Basket of Root Vegetables

Seasonal eating finds garden vegetables at their best.  Freshly harvested produce is at its peak for flavor and nutrient value.  Balsamic Glazed Root Vegetables are no exception.

Although the garden is waning this time of year, farmer’s markets are stocked with new seasonal favorites.  The chilly weather brings root vegetables forward, and the cool temps are ideal for cruciferous varieties like brussels sprouts, cabbage, kale and broccoli.  Some gardeners also sneak in a last rotation of peas and lettuce before the first frost.  They mature quickly and thrive in cool temperatures.

The Autumn Table

With the change of season, our habits, clothing and recipes also change.  Comfort food is on the menu.  We seek fall indulgences.  Freshly baked bread is a signature scent.  Candle-lit dining feels cozy and warm.  A crackling fire brings us hearth-side.
 
Roasted root vegetables are a welcome addition to the autumn table.  Seasoned with herbs and shellacked with a caramelized glaze, they are not only satisfyingly delicious, but make a stunning and colorful presentation.  Their deep jewel tones are set off perfectly in an organic wooden bowl or earthy-textured ceramic dish. 

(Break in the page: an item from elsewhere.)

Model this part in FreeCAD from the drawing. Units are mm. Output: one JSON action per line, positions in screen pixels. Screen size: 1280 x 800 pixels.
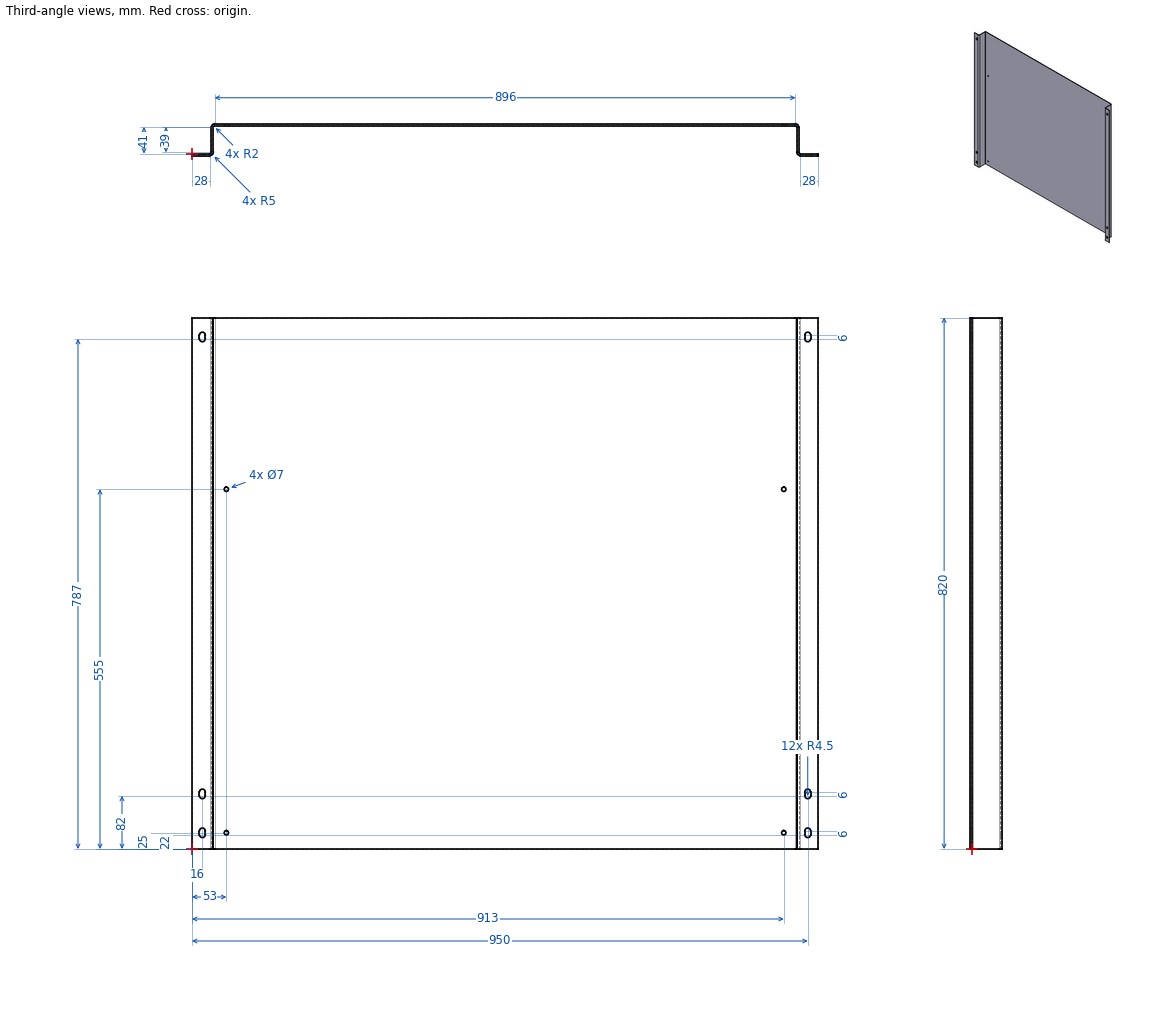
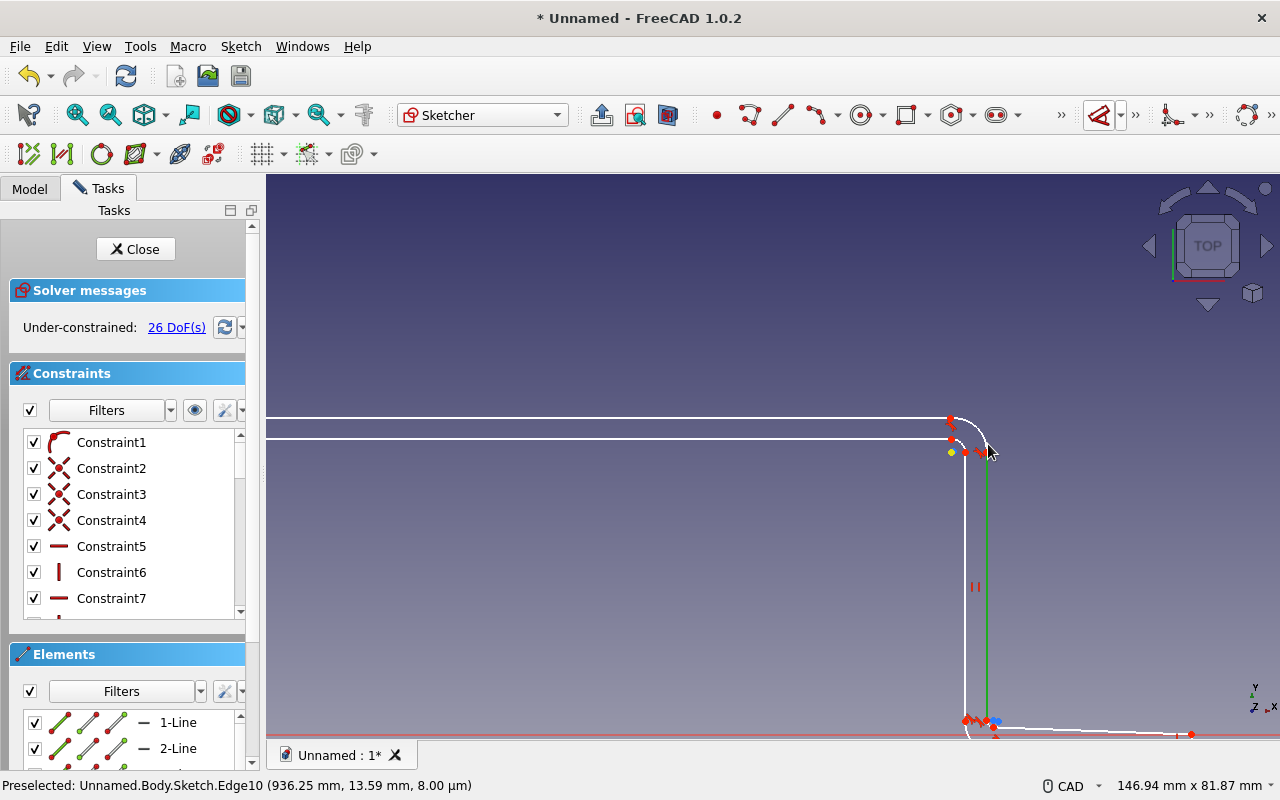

Prepping Balsamic Glazed Root Vegetables for Roasting

For the recipe I am sharing today, I used two very hefty red beets, 3 large carrots and a large onion, but you can use any root or cruciferous vegetable you would like.  I actually roasted some regular and sweet potatoes on the same day, but prepped them separately, leaving out the glaze.  First, I set the oven at 375 and washed and chopped the vegetables.  I’d say my pieces were roughly 3/4″ but not precise.  I peeled the carrots and cut them into coins.  Next, I cut the ends off an onion and peeled and quartered it.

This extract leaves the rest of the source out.